Let $L$ be a smooth function and define $J[f]:= \int_a^b L(x,f(x),f'(x)) dx$ for all smooth functions $f$.
If $f$ is an extreme point of $J$, then it satisfies the Euler-Lagrange equation for $L$: $\frac{\partial L}{\partial f}(x,f(x),f'(x)) - \frac{d}{dx} \frac{\partial L}{\partial f'}(x,f(x),f'(x)) = 0$ on $[a,b]$.
I know this result and how to prove this one.
My question is the following:
Let $M$ be another smooth function.
I know the fact that when $f$ is an extreme point of $J$ which satisfies the integral constraint $\int_a^b M(x,f(x),f'(x))dx = C$, then there exists $\lambda$ such that $\frac{\partial (L+\lambda M)}{\partial f}(x,f(x),f'(x)) - \frac{d}{dx} \frac{\partial (L+\lambda M)}{\partial f'}(x,f(x),f'(x)) = 0$ on $[a,b]$
How do I prove this? At least, please someone explains briefly why this holds true. Thank you in advance!

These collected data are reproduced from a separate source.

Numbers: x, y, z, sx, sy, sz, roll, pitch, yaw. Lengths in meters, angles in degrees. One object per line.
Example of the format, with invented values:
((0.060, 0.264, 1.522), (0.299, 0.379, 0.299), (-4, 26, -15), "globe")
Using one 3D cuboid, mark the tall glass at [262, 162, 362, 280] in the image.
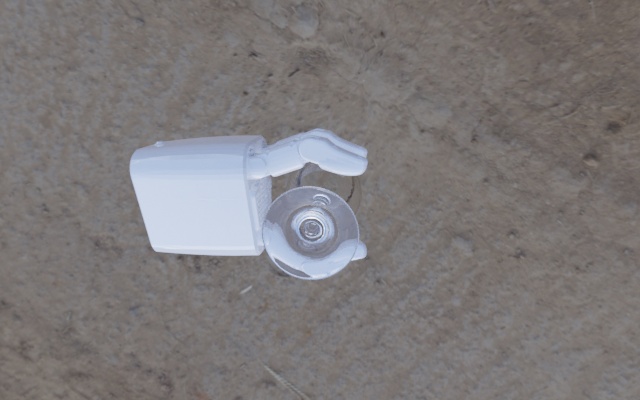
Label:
((0.000, 0.002, 0.455), (0.079, 0.079, 0.201), (0, 14, 5), "tall glass")
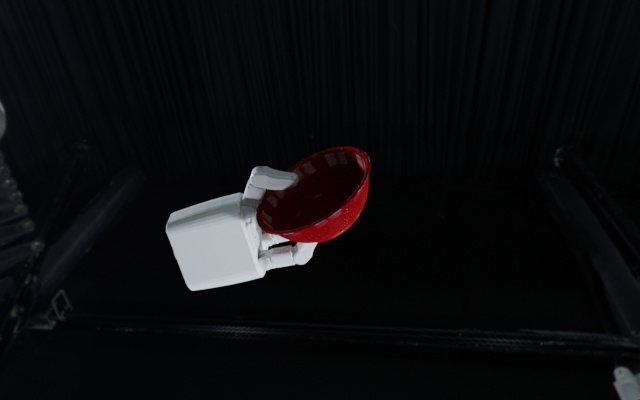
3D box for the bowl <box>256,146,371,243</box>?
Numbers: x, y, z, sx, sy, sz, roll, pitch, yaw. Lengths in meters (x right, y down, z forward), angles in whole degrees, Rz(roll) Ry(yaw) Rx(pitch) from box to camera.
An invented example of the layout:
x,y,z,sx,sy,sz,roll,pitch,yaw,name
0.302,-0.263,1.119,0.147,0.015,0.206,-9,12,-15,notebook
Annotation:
x,y,z,sx,sy,sz,roll,pitch,yaw,name
0.001,0.002,0.608,0.162,0.055,0.162,-24,32,16,bowl
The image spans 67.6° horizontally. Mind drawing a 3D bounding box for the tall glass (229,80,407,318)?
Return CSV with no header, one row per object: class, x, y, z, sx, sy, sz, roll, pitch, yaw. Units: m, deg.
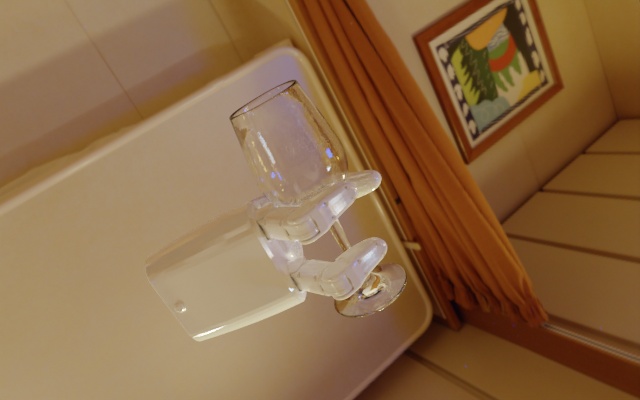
tall glass,0.001,0.002,0.410,0.079,0.201,0.079,-25,20,10
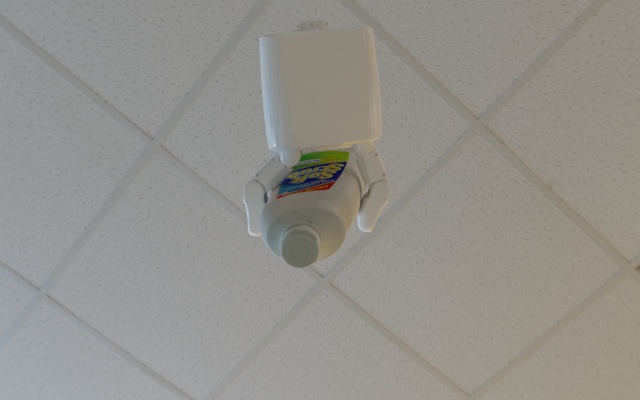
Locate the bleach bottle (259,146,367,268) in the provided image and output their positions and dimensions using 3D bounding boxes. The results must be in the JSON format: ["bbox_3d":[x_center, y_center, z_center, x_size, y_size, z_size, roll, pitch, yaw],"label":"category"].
[{"bbox_3d":[0.000,0.002,0.482,0.102,0.068,0.250,-4,17,5],"label":"bleach bottle"}]
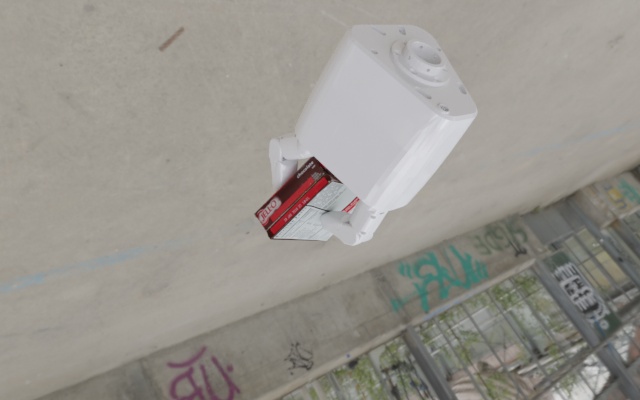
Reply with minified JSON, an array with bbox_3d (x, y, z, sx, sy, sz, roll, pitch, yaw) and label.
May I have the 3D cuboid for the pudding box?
[{"bbox_3d":[0.000,0.002,0.494,0.090,0.039,0.113,-42,-26,20],"label":"pudding box"}]
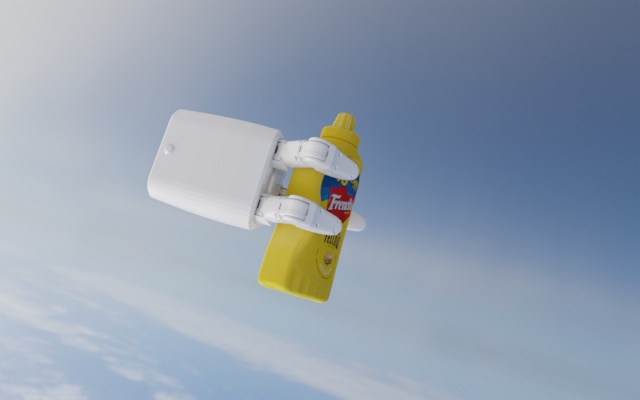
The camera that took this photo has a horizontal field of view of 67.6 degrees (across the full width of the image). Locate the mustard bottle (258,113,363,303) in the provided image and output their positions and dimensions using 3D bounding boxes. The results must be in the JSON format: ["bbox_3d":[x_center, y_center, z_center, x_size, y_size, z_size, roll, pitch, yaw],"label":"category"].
[{"bbox_3d":[0.000,0.002,0.480,0.058,0.191,0.096,10,-13,30],"label":"mustard bottle"}]
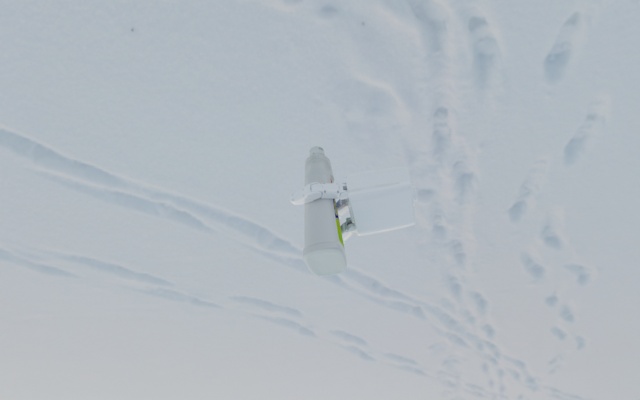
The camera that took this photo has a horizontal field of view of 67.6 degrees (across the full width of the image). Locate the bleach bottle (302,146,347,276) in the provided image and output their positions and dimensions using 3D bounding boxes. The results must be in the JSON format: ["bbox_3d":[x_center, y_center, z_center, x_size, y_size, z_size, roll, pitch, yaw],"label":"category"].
[{"bbox_3d":[0.000,0.003,0.860,0.068,0.250,0.103,-10,-33,7],"label":"bleach bottle"}]
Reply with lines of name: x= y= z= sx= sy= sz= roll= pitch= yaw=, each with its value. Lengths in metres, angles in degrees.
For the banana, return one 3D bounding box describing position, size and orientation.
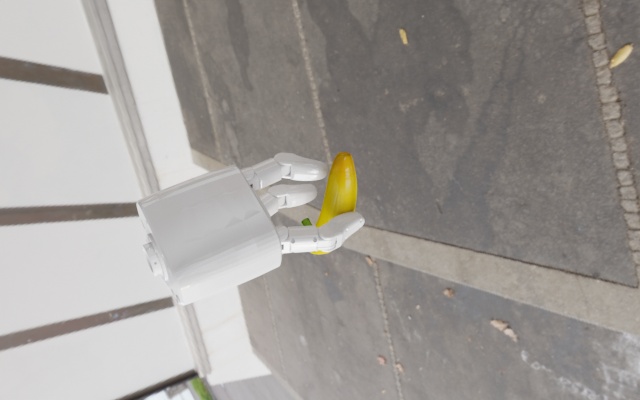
banana: x=0.007 y=0.019 z=0.562 sx=0.037 sy=0.069 sz=0.198 roll=-19 pitch=-18 yaw=-24
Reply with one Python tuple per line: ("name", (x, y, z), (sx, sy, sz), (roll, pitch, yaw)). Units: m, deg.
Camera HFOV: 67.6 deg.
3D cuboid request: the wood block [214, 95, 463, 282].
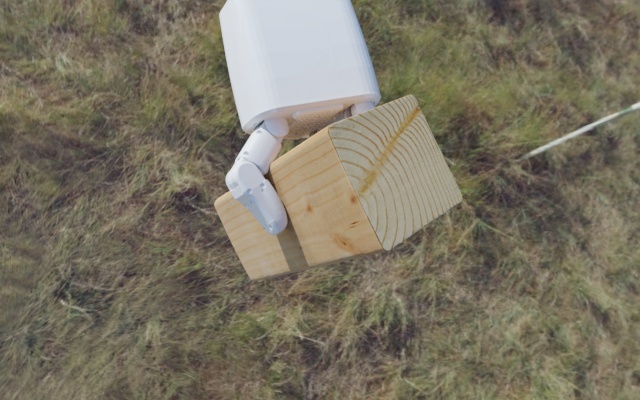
("wood block", (0.000, 0.001, 0.407), (0.091, 0.090, 0.206), (-26, 1, -35))
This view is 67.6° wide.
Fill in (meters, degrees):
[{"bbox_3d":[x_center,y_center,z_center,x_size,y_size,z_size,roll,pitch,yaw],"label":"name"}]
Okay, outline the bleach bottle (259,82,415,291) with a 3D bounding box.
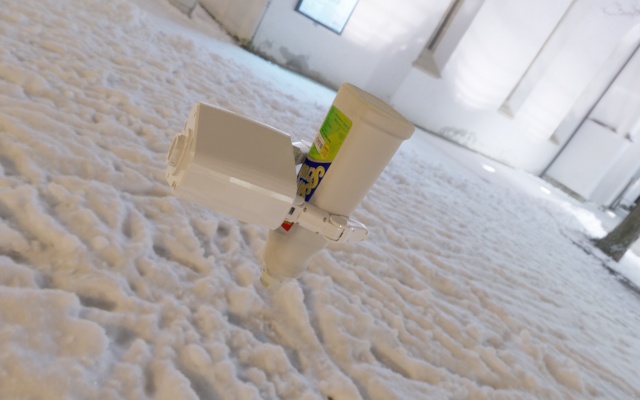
[{"bbox_3d":[0.000,0.002,0.530,0.068,0.251,0.102,20,21,-27],"label":"bleach bottle"}]
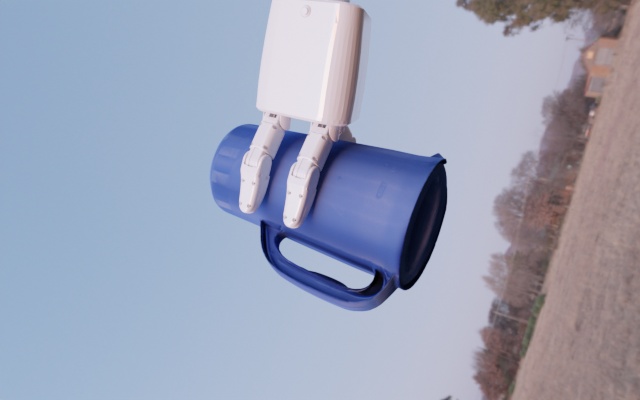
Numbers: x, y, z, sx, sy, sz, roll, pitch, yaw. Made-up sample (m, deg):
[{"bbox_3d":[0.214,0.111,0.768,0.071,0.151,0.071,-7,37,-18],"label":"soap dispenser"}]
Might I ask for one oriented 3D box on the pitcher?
[{"bbox_3d":[0.000,0.001,0.504,0.243,0.145,0.149,17,18,26],"label":"pitcher"}]
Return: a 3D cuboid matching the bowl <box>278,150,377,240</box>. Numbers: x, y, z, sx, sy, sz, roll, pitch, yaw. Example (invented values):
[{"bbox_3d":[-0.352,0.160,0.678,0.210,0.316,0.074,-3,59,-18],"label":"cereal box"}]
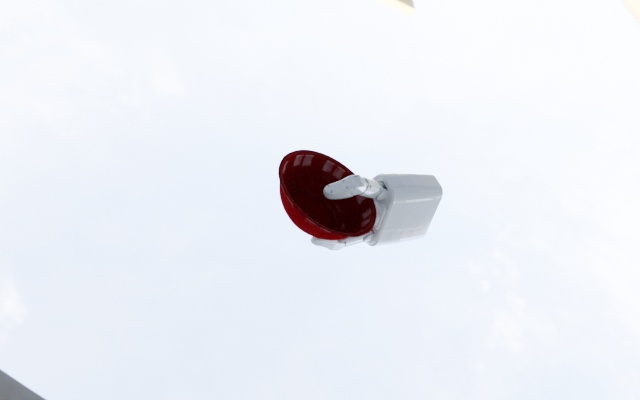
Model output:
[{"bbox_3d":[-0.001,0.002,0.692,0.162,0.162,0.055,0,-39,-41],"label":"bowl"}]
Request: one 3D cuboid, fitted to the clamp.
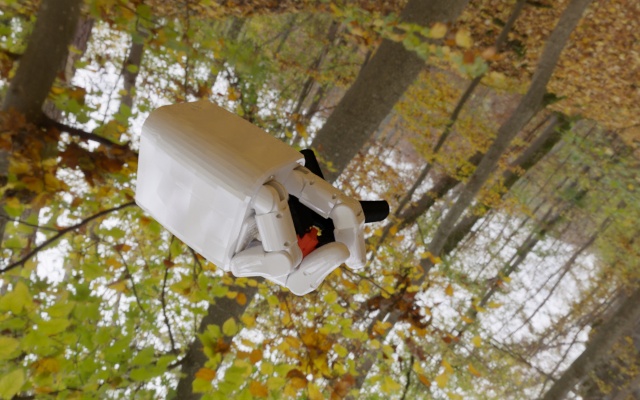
[{"bbox_3d":[0.000,0.002,0.471,0.120,0.039,0.171,33,24,10],"label":"clamp"}]
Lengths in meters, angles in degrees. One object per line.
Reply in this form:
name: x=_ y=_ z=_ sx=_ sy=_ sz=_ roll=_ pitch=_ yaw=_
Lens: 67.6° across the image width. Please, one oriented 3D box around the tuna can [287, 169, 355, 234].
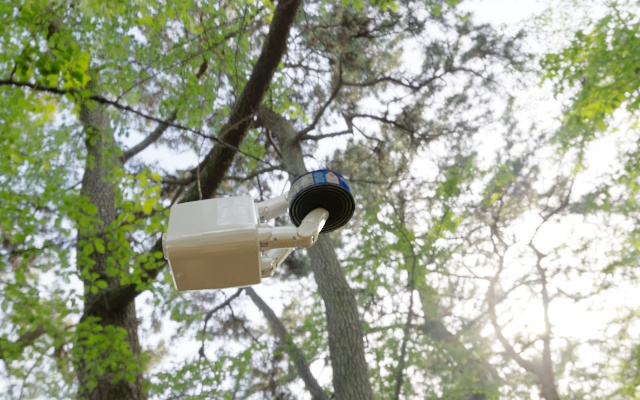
tuna can: x=0.000 y=0.002 z=0.621 sx=0.086 sy=0.086 sz=0.033 roll=0 pitch=41 yaw=-11
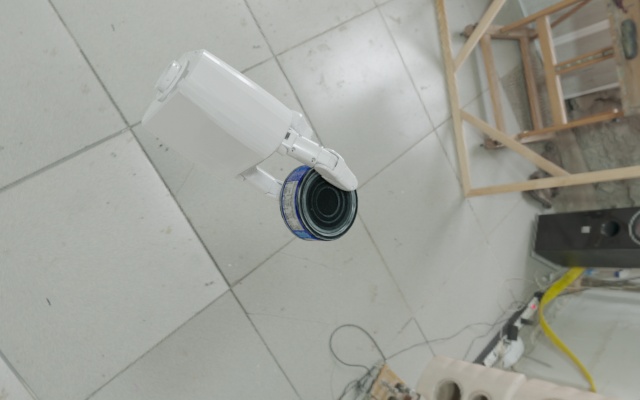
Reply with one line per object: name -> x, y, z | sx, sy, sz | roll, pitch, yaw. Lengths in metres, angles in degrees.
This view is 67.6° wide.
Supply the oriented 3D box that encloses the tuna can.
tuna can -> 0.000, 0.002, 0.518 | 0.086, 0.086, 0.034 | 0, -2, -38
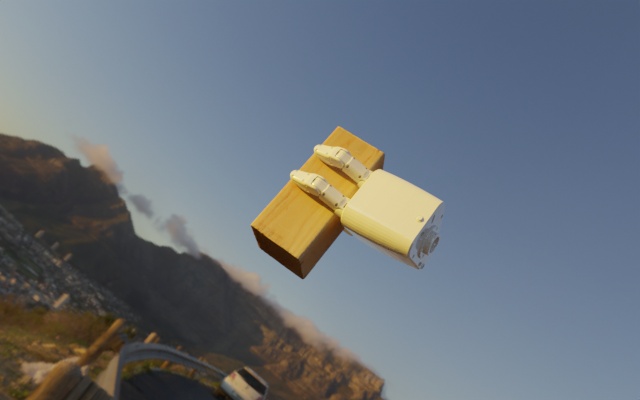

The goal is to reduce this to the usual result about Lagrange multipliers in two real variables. I'll change your notation from $f$ to $y$. We sort of copy the proof of the usual Euler-Lagrange equation, but adding a second "fake" parameter, and considering $y(x) +\epsilon_1\eta_1(x)+\epsilon_2\eta_2(x)$, where we have the boundary conditions$$\eta_1(a)=\eta_1(b)=\eta_2(a)=\eta_2(b) = 0,$$the parameter $\epsilon_1$ is "free" and playing the role of the "old" $\epsilon$, while $\epsilon_2$ forces $y(x) +\epsilon_1\eta_1(x)+\epsilon_2\eta_2(x)$ to satisfy the integral constraint. So we look at the problem with constraint $$\begin{cases} \min F(\epsilon_1,\epsilon_2) = \displaystyle{\int_a^b}L(x, y(x)+\epsilon_1\eta_1(x)+\epsilon_2\eta_2(x),y'(x)+\epsilon_1\eta_1'(x)+\epsilon_2\eta_2'(x))\,{\rm d}x \\ G(\epsilon_1,\epsilon_2) =\displaystyle{\int_a^b}M(x, y(x)+\epsilon_1\eta_1(x)+\epsilon_2\eta_2(x),y'(x)+\epsilon_1\eta_1'(x)+\epsilon_2\eta_2'(x))\,{\rm d}x = C\end{cases}$$Since $\epsilon_1=\epsilon_2 = 0$ will correspond to the minimum $y$ of $J$, there will be a constant $\lambda$ such that $$\nabla F(0,0) = \lambda \nabla G(0,0).$$This can be rewritten as $\nabla(F-\lambda G)(0,0) = 0$. Meaning that we consider the functional $$y \mapsto \int_a^b L(x,y(x),y'(x)) - \lambda M(x,y(x),y'(x))\,{\rm d}x$$and obtain the Euler-Lagrange equation $$\frac{\partial (L-\lambda M)}{\partial y} - \frac{{\rm d}}{{\rm d}x}\left(\frac{\partial (L-\lambda M)}{\partial y'}\right) = 0.$$See section 5.3 in Mark Kot's A First Course in the Calculus of Variations for more details.